The biblical revelation of God was in three stages. First, God revealed His transcendence─ that He is God above all, that God is Creator, Sustainer, and Protector. In the second stage of the divine revelation, God’s presence was experienced by people among whom God was incarnate in the person of Jesus. God was God with us, taking part in all our experiences and feeling for us. God cares enough to be our Saviour. In the final stage, God revealed His immanence. He came into human lives as the Holy Spirit, the Sanctifier, who indwells those who received Jesus as Lord. The Creator, the Saviour and the Sanctifier are three distinct persons, but are completely one, each living in the others (see Jn.10: 31, 38).

The Bible reveals that God is one being in three persons. God is triune. The notion of Trinity is one that is totally incomprehensible to the human mind. Humans are able to comprehend the concepts of singularity or multiplicity and therefore human speculation can come up with doctrines of God being just one person or of the multiplicity of gods. That God is triune is pure revelation. If God hadn’t revealed this truth, we would have just remained with our speculations.

But God has shown us these things through the Spirit.

The Spirit searches out all things, even the deep secrets of God. Who knows the thoughts that another person has? Only a person’s spirit that lives within him knows his thoughts. It is the same with God. No one knows the thoughts of God except the Spirit of God (1 Cor.2:10-11, New Century Version).

The best known definition of God is that “God is love” (1 Jn.4:8). Most people don’t know that it is from the Bible. Many reverse the order of the words and think that when they say “love is God” it has the same meaning as the original statement. It doesn’t. Love can be false or true, selfish or unselfish and selfless, possessive or committed but liberating, manipulative or redemptive. The love of God is so true and so redemptive that God is definable as being love in essence. The definition that God is love fits in with the revelation that God is triune.

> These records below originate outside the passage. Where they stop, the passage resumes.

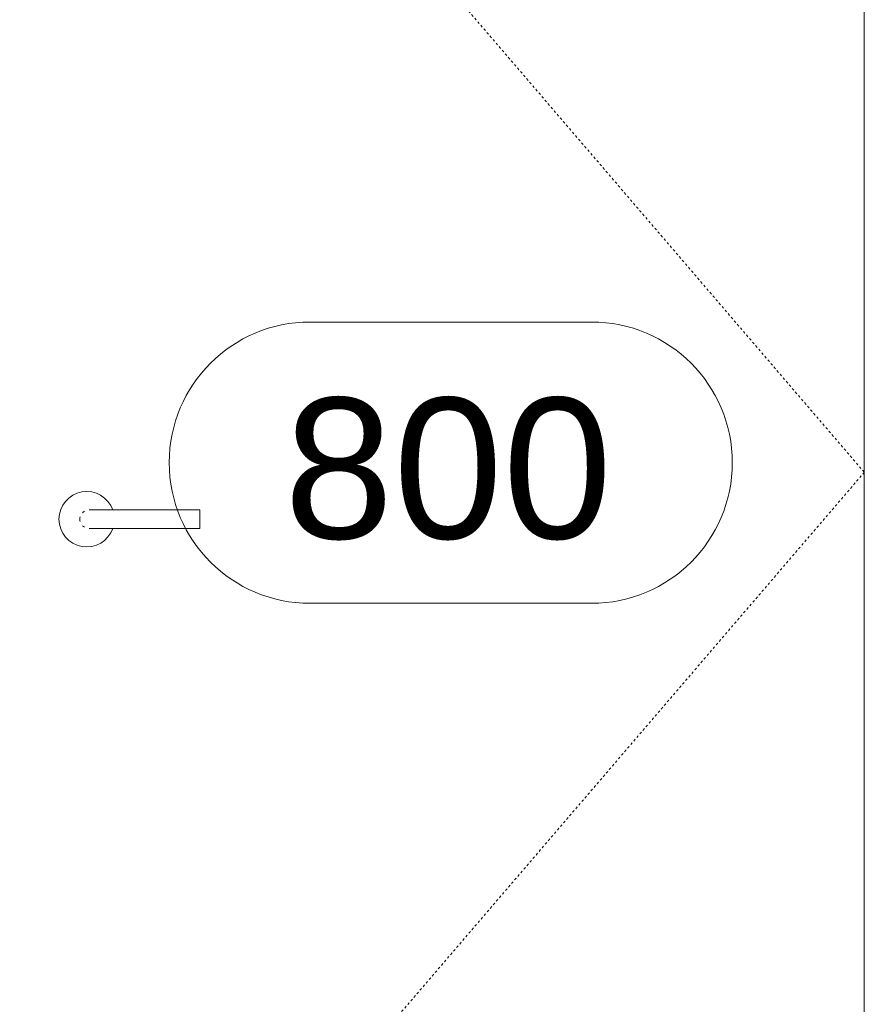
# Model space of a CAD drawing. Header units: inches. Extents: x -2835 to 447, y -63 to 390.
# Tile 51 of 92: x -1449 to -1413, y 19 to 61. Entities that reach past the tile are written whole.
import ezdxf

# ---------------------------------------------------------------- set-up
doc = ezdxf.new("R2010")
doc.units = ezdxf.units.IN
doc.header["$MEASUREMENT"] = 0
doc.linetypes.add('Dash 1_16_', pattern=[0.125, 0.0625, -0.0625])
for name, color, linetype, lineweight in [('A-DOOR', 31, 'Continuous', 18), ('A-DOOR-FRAM', 31, 'Continuous', 9), ('A-DOOR-IDEN', 31, 'Continuous', 9)]:
    doc.layers.add(name, color=color, linetype=linetype, lineweight=lineweight)
doc.styles.add('Arial_1', font='arial.ttf', dxfattribs={"height": 0.09375})

# ---------------------------------------------------------------- blocks, each defined once
blk = doc.blocks.new('Door-Passage-Single-Flush - 36_ x 84_-580594-BUILDING LONGITUDINAL SECTION')
at = {"layer": 'A-DOOR', "linetype": 'Dash 1_16_', "lineweight": 9}
for p, q in [((-2883.093, 84), (-2847.093, 42)), ((-2847.093, 42), (-2883.093, 0))]:
    blk.add_line(p, q, dxfattribs=at)
at = {"layer": 'A-DOOR', "lineweight": 9}
for p, q in [((-2847.093, 0), (-2847.093, 84)), ((-2875.415, 40.394), (-2879.549, 40.394)), ((-2875.415, 40.394), (-2875.415, 40)), ((-2875.415, 40), (-2875.415, 39.606)), ((-2879.549, 39.606), (-2875.415, 39.606))]:
    blk.add_line(p, q, dxfattribs=at)
at = {"layer": 'A-DOOR', "lineweight": 9, "flags": 128}
for points in [[(-2879.549, 40.394), (-2879.573, 40.394), (-2879.596, 40.394), (-2879.62, 40.394), (-2879.643, 40.394), (-2879.666, 40.394), (-2879.689, 40.394), (-2879.712, 40.394), (-2879.735, 40.394), (-2879.757, 40.394), (-2879.779, 40.394), (-2879.8, 40.394), (-2879.822, 40.394), (-2879.842, 40.394), (-2879.863, 40.394), (-2879.882, 40.394), (-2879.902, 40.394), (-2879.92, 40.394), (-2879.938, 40.394), (-2879.956, 40.394), (-2879.973, 40.394), (-2879.989, 40.394), (-2880.004, 40.394), (-2880.019, 40.394), (-2880.033, 40.394), (-2880.046, 40.394), (-2880.058, 40.394), (-2880.07, 40.394), (-2880.08, 40.394), (-2880.09, 40.394), (-2880.099, 40.394), (-2880.107, 40.394), (-2880.115, 40.394), (-2880.121, 40.394), (-2880.126, 40.394), (-2880.131, 40.394), (-2880.134, 40.394), (-2880.137, 40.394), (-2880.139, 40.394), (-2880.139, 40.394)], [(-2880.139, 39.606), (-2880.139, 39.606), (-2880.138, 39.606), (-2880.135, 39.606), (-2880.132, 39.606), (-2880.128, 39.606), (-2880.123, 39.606), (-2880.116, 39.606), (-2880.11, 39.606), (-2880.102, 39.606), (-2880.093, 39.606), (-2880.083, 39.606), (-2880.073, 39.606), (-2880.061, 39.606), (-2880.049, 39.606), (-2880.036, 39.606), (-2880.023, 39.606), (-2880.008, 39.606), (-2879.993, 39.606), (-2879.977, 39.606), (-2879.96, 39.606), (-2879.943, 39.606), (-2879.925, 39.606), (-2879.907, 39.606), (-2879.888, 39.606), (-2879.868, 39.606), (-2879.848, 39.606), (-2879.827, 39.606), (-2879.806, 39.606), (-2879.785, 39.606), (-2879.763, 39.606), (-2879.741, 39.606), (-2879.718, 39.606), (-2879.695, 39.606), (-2879.672, 39.606), (-2879.649, 39.606), (-2879.626, 39.606), (-2879.602, 39.606), (-2879.579, 39.606), (-2879.555, 39.606), (-2879.549, 39.606)]]:
    blk.add_lwpolyline(points, dxfattribs=at)
at = {"layer": 'A-DOOR', "lineweight": 9}
for centre, radius, start, end in [((-2880.238, 40), 1.181, 19.6343, 180), ((-2880.139, 40), 0.394, 120, 135), ((-2880.238, 40), 1.181, 180, 340.4367), ((-2880.139, 40), 0.394, 165, 180), ((-2880.139, 40), 0.394, 180, 195), ((-2880.139, 40), 0.394, 225, 240)]:
    blk.add_arc(centre, radius, start, end, dxfattribs=at)
at = {"layer": 'A-DOOR-FRAM', "lineweight": 9}
blk.add_line((-2847.093, 0), (-2847.093, 84), dxfattribs=at)
blk = doc.blocks.new('Door Tag - Door Tag-4658-BUILDING LONGITUDINAL SECTION')
at = {"layer": 'A-DOOR-IDEN'}
for p, q in [((-2870.718, 48.412), (-2858.718, 48.412)), ((-2870.718, 36.412), (-2858.718, 36.412))]:
    blk.add_line(p, q, dxfattribs=at)
for centre, start, end in [((-2870.718, 42.412), 90, 270), ((-2858.718, 42.412), 270, 90)]:
    blk.add_arc(centre, 6, start, end, dxfattribs=at)

msp = doc.modelspace()

# ---------------------------------------------------------------- block references
at = {"layer": 'A-DOOR'}
msp.add_blockref('Door-Passage-Single-Flush - 36_ x 84_-580594-BUILDING LONGITUDINAL SECTION', (1434.493, 0), dxfattribs=at)
at = {"layer": 'A-DOOR-IDEN'}
msp.add_blockref('Door Tag - Door Tag-4658-BUILDING LONGITUDINAL SECTION', (1434.493, 0), dxfattribs=at)

# ---------------------------------------------------------------- texts
at = {"layer": 'A-DOOR-IDEN', "insert": (-1437.332, 45.174), "char_height": 6, "width": 16.968, "attachment_point": 1, "style": 'Arial_1'}
msp.add_mtext('800', dxfattribs=at)

doc.saveas('drawing.dxf')

Love is a word about relationships. If God Who is one, was singular in His oneness, and all alone before He created anything, how could He be love? Such a majestically lonely God could not be love—no more than a hermit living in total isolation and refusing any human interaction could declare that he was in love. For God to be love there has to be someone to love and have a relationship with. That is why it is possible to believe that God is a trinity even though we cannot understand how three persons can be one God or how one God could be three persons. The notion is incomprehensible to the human mind. But it is believable because God is love.

God is the surname of the family, and there are three persons in the God family: the Father, the Son, and the Holy Spirit.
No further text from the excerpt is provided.